CSIRO honours wireless team

By October 14th, 2009

Australian inventiveness lies at the heart of how millions of people now use wireless networks to access information on a myriad of portable devices.

In homes, offices and cafés, most of the wireless devices we use every day to access the Internet and other networks rely on CSIRO’s solution to a complex radio problem.

“CSIRO’s solution to the ‘multipath problem’ and its subsequent commercialisation ranks as one of the most significant achievements in CSIRO’s 82 year history,” CSIRO chairman Dr John Stocker says.

“The technology is used in over 800 million devices right now and its use is rapidly expanding.”

“CSIRO’s solution to the ‘multipath problem’ and its subsequent commercialisation ranks as one of the most significant achievements in CSIRO’s 82 year history,”

CSIRO chairman Dr John Stocker.

Today at a ceremony in Melbourne, the scientific, commercial and legal teams responsible for the achievement will receive CSIRO’s highest honour: the Chairman’s Medal for Research Achievement.

One of the main problems the team managed to solve was ’multipathing’.

“You might imagine that the little box with the flashing lights that powers your home wireless network is simply beaming information straight to your laptop,” CSIRO’s Dr John O’Sullivan, leader of the scientific team says.

“In reality the radio waves travel in all directions, bouncing off walls, furniture and people – making it very hard to deliver a clear signal to the receiver.”

The team solved this problem by adapting ideas that had their roots in radioastronomy and the search for exploding black holes.

“I was inspired to think about ways of cleaning up smeared radio signals to make searching for short pulses like those from exploding black holes easier,” Dr O’Sullivan says.

“We ended up building a ‘fast Fourier transform’ chip to do these sorts of processing tasks efficiently and fast. That proved to be the key to untangling the web of wireless signals so we could build a workable high speed wireless local area network (WLAN).”
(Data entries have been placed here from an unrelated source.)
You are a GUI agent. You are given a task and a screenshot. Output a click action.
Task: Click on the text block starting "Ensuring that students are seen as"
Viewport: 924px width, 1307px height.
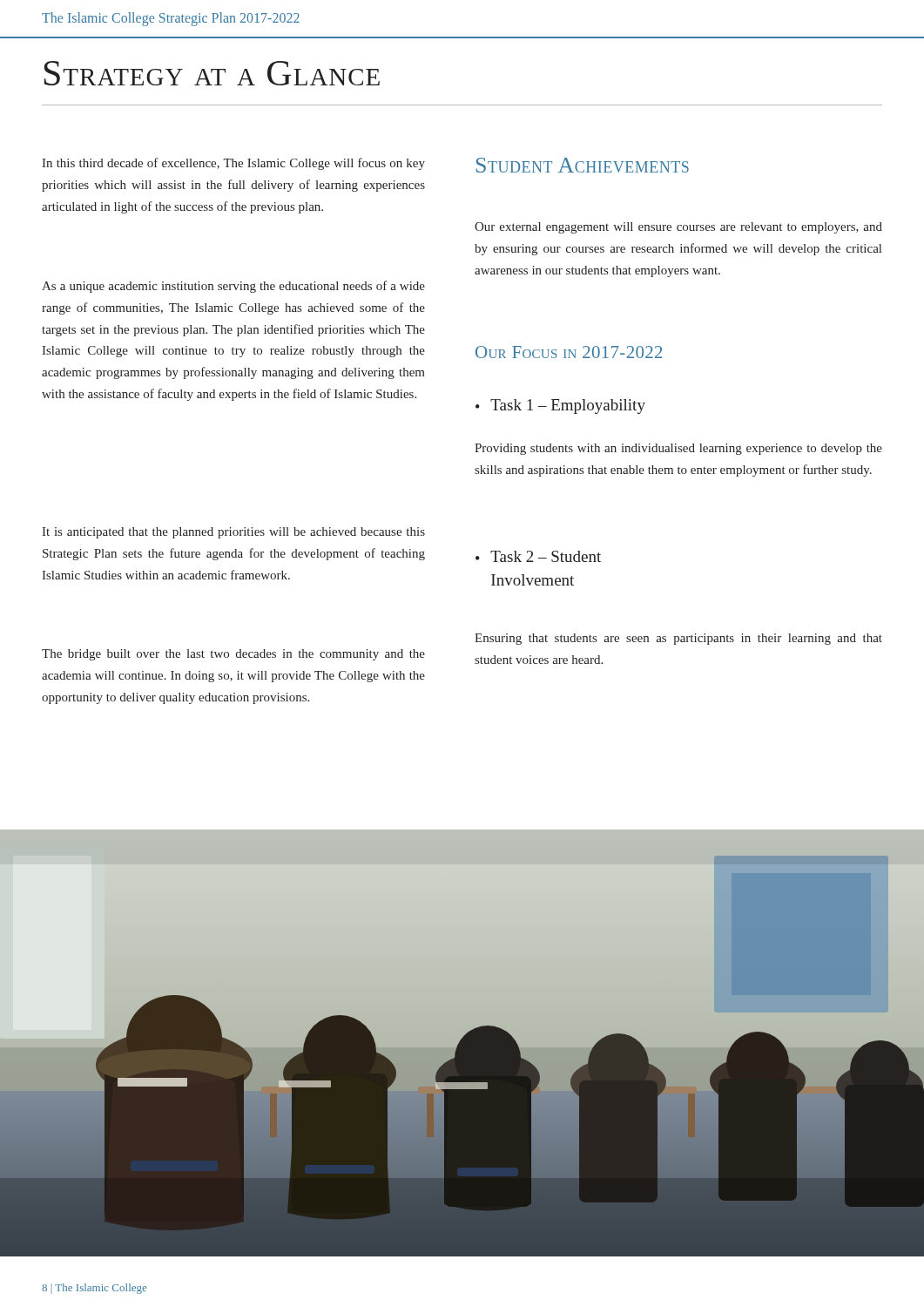pos(678,649)
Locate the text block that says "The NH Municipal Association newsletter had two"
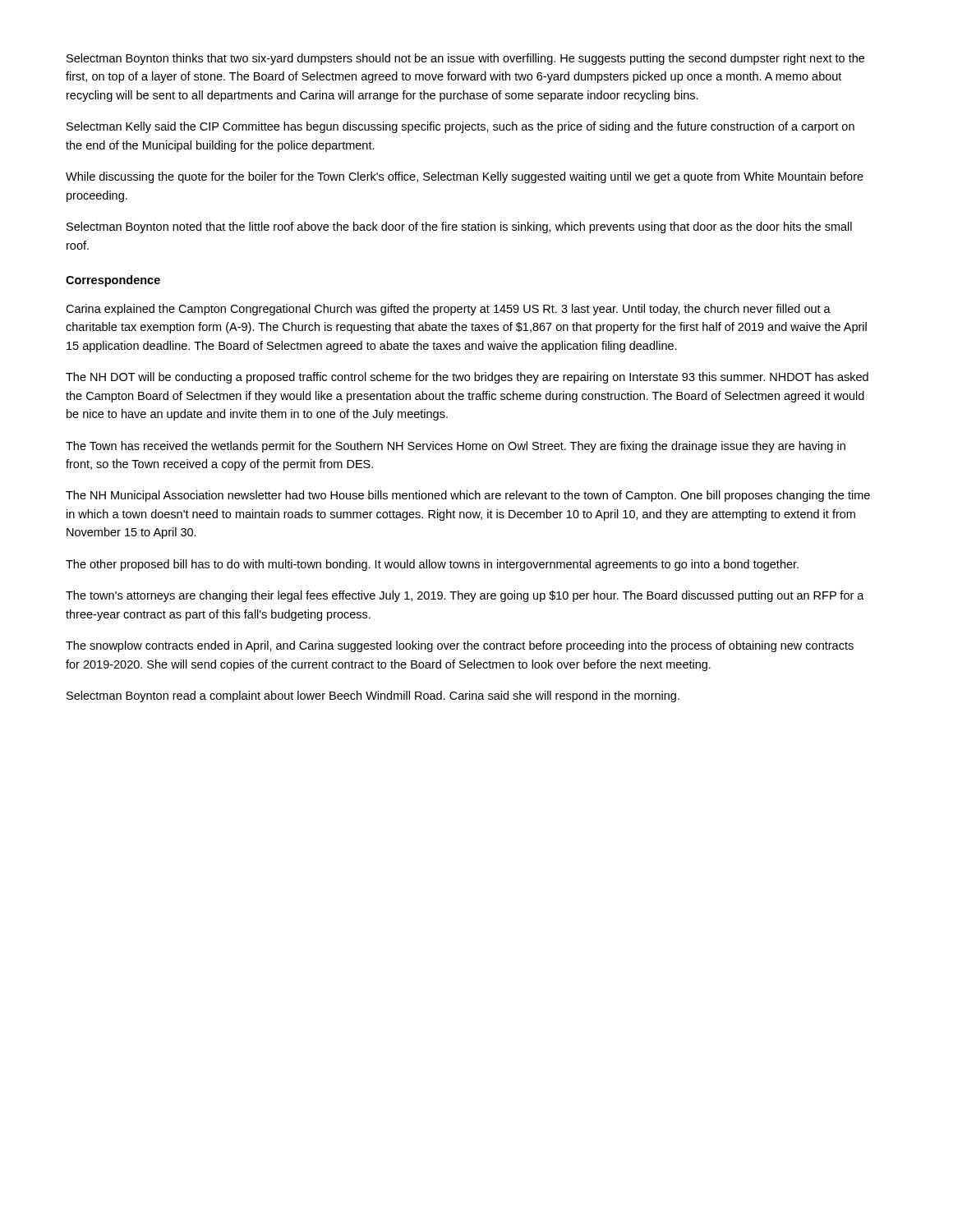Viewport: 953px width, 1232px height. pyautogui.click(x=468, y=514)
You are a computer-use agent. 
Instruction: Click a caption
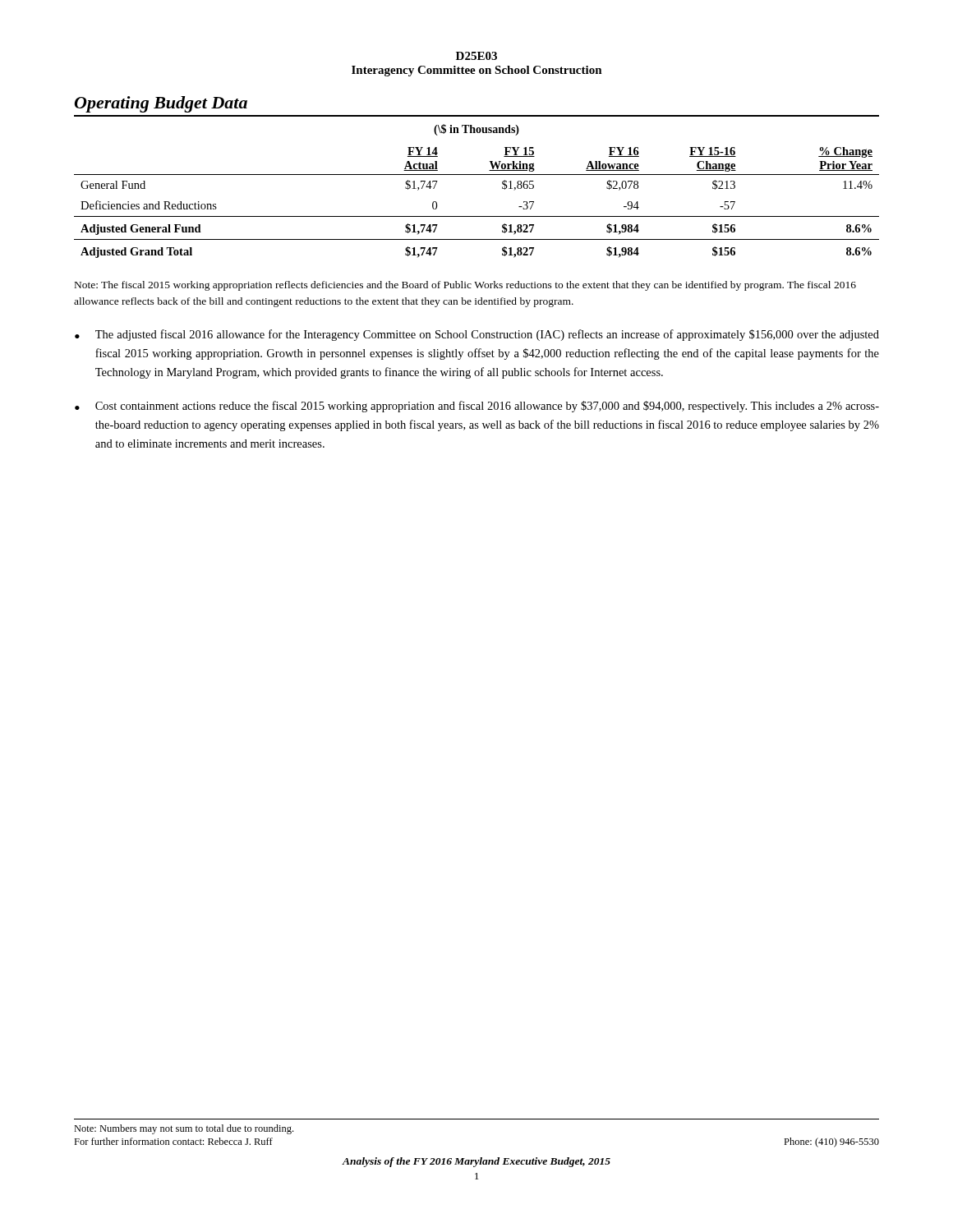476,129
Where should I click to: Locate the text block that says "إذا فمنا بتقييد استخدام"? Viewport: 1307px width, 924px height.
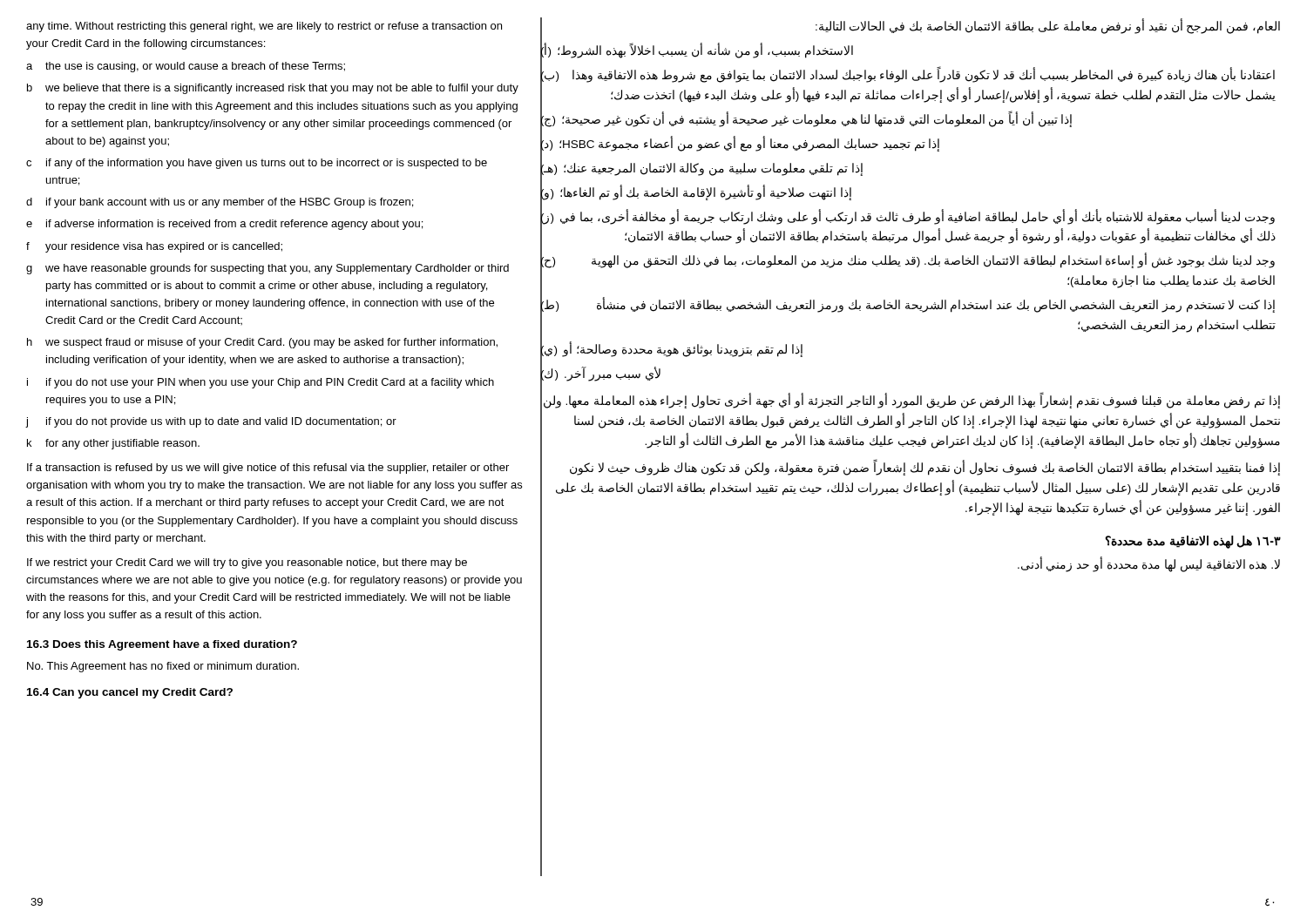(911, 489)
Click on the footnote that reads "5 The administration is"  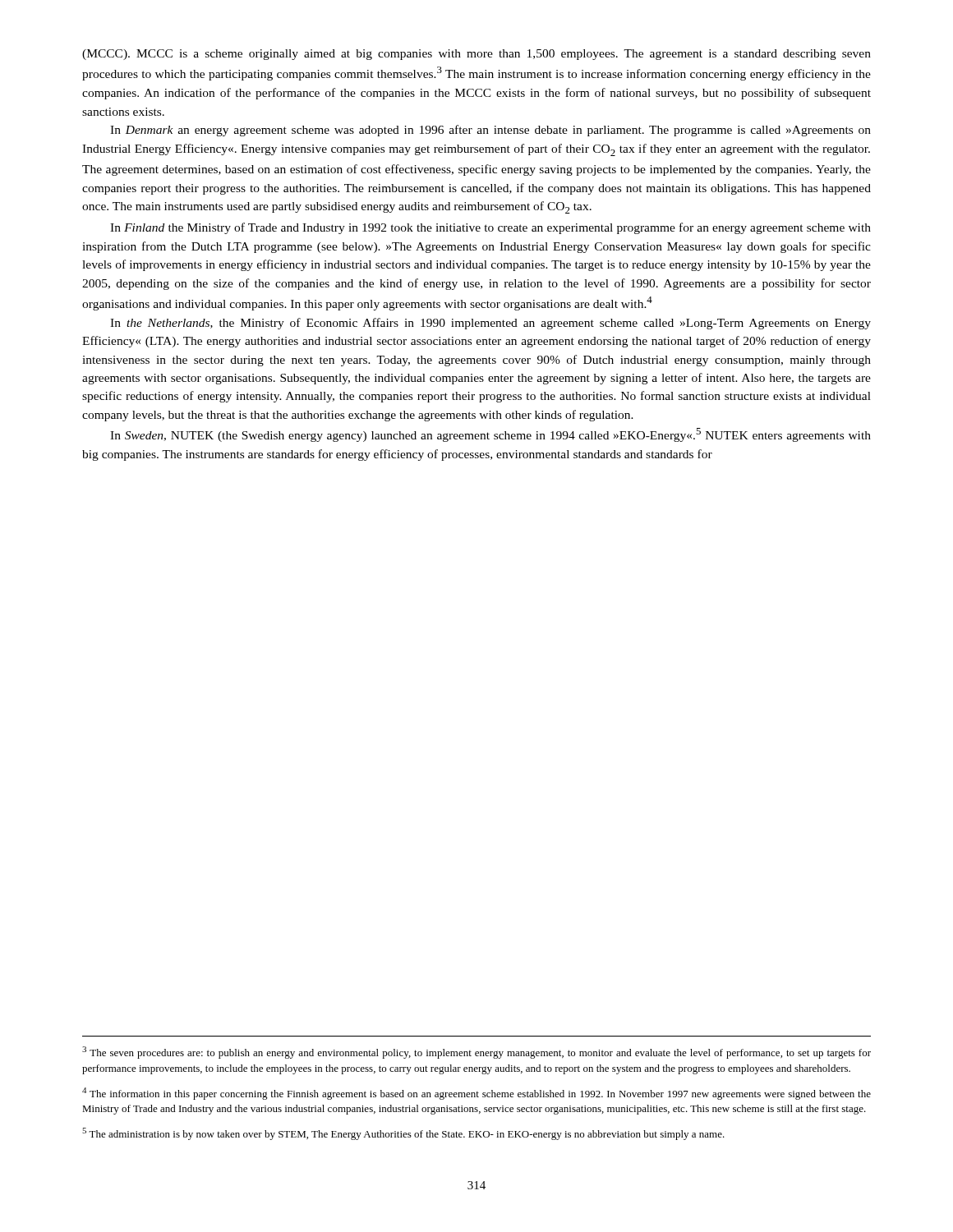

A US patent was granted in 1996 and, in 1999, one of the first modern international standards for WLAN (IEEE 802.11a) relied on the technology covered by CSIRO’s patent for its implementation. In 2001 the first products entered the market.

“CSIRO set out to encourage the industry to take licenses for the use of its patented technology,” Mr Nigel Poole, CSIRO Executive Director, Commercial says.

“When that did not prove successful, we initiated legal proceedings which then led to proceedings being initiated against CSIRO.

“The result earlier this year was that 14 companies settled with CSIRO under confidential terms. The revenue arising from these settlements to date is approximately $A200 million.

“Soon an announcement will be made about how Australian research will benefit from this success.”